[INSTRUCTIONS FOR THE TASK]: Find the lines below holding the word "Very" and copy each of them.
****
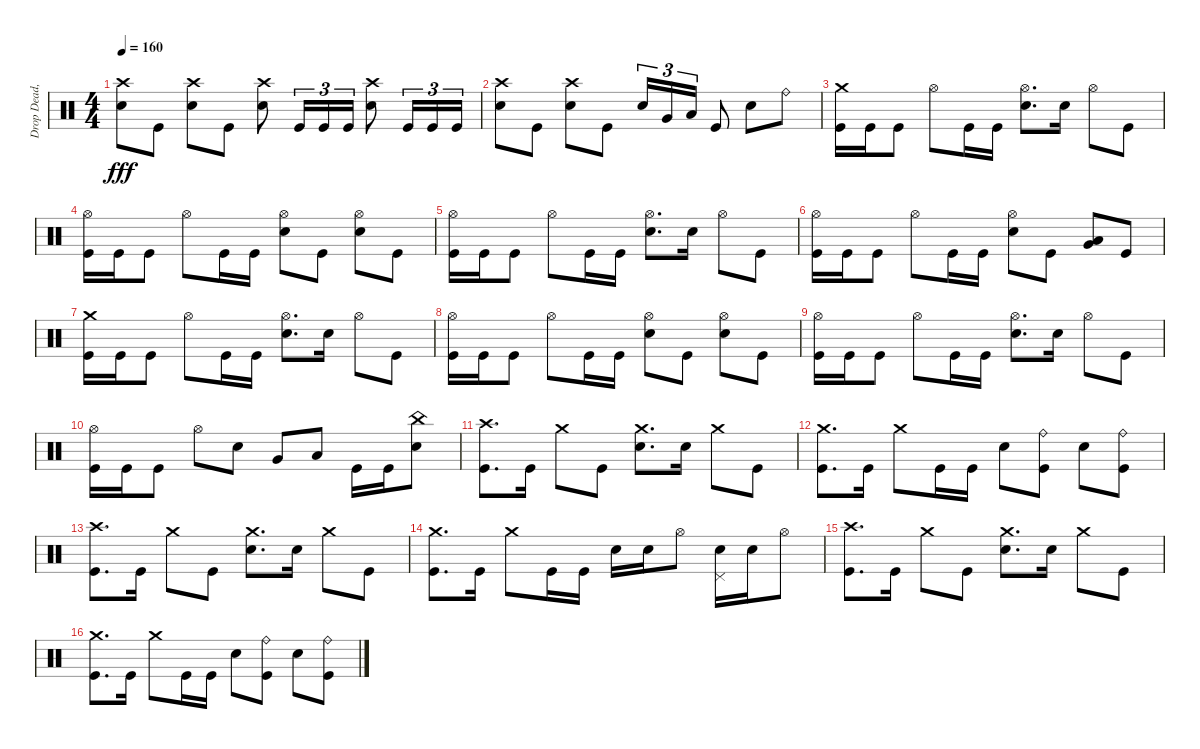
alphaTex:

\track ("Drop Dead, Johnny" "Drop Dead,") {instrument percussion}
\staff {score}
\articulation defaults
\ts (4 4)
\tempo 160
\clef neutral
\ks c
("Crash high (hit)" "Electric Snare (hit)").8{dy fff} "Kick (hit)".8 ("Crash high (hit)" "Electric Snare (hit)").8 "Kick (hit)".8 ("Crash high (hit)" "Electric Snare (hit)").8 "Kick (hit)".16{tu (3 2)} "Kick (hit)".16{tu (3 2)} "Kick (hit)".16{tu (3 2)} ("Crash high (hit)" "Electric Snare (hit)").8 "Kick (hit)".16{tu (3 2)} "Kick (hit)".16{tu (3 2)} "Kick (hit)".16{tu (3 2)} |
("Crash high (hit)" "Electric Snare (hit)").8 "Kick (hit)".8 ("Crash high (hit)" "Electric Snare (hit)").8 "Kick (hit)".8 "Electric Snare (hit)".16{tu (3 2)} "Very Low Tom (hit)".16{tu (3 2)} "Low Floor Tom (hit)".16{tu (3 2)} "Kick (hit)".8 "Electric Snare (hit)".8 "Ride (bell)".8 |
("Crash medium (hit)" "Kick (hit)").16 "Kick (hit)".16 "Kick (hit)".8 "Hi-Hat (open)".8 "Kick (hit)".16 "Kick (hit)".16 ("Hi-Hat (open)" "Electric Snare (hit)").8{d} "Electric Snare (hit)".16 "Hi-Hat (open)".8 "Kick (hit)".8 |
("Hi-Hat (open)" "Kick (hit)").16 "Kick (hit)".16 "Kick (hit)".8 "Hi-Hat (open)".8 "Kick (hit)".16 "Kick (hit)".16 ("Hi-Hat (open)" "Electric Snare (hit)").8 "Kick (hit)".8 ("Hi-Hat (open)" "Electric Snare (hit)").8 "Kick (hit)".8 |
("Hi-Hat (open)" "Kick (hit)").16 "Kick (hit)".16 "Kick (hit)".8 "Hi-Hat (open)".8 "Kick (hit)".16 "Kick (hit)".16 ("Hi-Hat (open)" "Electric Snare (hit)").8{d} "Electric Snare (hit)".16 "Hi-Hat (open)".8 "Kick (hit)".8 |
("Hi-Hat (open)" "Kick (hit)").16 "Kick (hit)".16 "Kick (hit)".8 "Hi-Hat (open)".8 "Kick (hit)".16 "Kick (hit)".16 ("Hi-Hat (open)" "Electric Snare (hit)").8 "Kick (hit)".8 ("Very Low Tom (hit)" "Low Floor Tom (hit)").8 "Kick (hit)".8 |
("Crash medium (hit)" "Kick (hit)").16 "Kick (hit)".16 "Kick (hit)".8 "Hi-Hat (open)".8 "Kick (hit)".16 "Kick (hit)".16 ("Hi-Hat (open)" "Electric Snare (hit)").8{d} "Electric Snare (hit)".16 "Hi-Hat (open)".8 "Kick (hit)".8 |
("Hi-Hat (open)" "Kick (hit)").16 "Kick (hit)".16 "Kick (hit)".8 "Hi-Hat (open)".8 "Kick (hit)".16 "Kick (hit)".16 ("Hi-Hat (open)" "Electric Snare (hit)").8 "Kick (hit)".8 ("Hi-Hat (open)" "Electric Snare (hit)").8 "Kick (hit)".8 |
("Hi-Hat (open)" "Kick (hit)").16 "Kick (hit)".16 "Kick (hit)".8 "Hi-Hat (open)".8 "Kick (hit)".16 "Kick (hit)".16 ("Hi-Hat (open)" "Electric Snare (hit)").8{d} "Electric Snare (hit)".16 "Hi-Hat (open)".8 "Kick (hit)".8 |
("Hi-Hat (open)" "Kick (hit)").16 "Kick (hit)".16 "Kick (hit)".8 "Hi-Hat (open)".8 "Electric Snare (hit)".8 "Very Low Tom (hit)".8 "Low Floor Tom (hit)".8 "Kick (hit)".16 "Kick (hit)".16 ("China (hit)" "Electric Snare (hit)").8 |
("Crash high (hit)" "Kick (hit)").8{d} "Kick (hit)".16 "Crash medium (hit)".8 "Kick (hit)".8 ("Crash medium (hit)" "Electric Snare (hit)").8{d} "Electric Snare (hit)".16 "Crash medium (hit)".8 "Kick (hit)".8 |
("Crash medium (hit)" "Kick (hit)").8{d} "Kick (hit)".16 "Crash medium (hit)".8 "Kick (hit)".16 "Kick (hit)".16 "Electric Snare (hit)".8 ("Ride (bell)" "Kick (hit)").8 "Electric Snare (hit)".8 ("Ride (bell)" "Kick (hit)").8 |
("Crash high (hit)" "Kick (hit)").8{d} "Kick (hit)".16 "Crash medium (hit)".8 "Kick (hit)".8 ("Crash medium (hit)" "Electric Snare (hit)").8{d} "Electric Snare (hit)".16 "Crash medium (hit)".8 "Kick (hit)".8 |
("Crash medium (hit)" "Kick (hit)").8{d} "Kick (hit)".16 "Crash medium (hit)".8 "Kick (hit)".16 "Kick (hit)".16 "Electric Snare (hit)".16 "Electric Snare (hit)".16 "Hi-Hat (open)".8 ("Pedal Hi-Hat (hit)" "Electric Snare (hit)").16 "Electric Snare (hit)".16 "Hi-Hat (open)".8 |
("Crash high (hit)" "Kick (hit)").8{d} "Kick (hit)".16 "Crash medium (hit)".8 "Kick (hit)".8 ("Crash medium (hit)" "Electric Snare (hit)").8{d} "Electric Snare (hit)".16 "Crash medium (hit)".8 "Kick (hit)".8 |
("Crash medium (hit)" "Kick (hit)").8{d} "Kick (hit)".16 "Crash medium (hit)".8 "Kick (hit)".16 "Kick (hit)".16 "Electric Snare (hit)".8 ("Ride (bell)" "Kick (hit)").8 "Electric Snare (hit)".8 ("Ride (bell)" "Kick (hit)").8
****
[TASK RESULT]:
("Crash high (hit)" "Electric Snare (hit)").8 "Kick (hit)".8 ("Crash high (hit)" "Electric Snare (hit)").8 "Kick (hit)".8 "Electric Snare (hit)".16{tu (3 2)} "Very Low Tom (hit)".16{tu (3 2)} "Low Floor Tom (hit)".16{tu (3 2)} "Kick (hit)".8 "Electric Snare (hit)".8 "Ride (bell)".8 |
("Hi-Hat (open)" "Kick (hit)").16 "Kick (hit)".16 "Kick (hit)".8 "Hi-Hat (open)".8 "Kick (hit)".16 "Kick (hit)".16 ("Hi-Hat (open)" "Electric Snare (hit)").8 "Kick (hit)".8 ("Very Low Tom (hit)" "Low Floor Tom (hit)").8 "Kick (hit)".8 |
("Hi-Hat (open)" "Kick (hit)").16 "Kick (hit)".16 "Kick (hit)".8 "Hi-Hat (open)".8 "Electric Snare (hit)".8 "Very Low Tom (hit)".8 "Low Floor Tom (hit)".8 "Kick (hit)".16 "Kick (hit)".16 ("China (hit)" "Electric Snare (hit)").8 |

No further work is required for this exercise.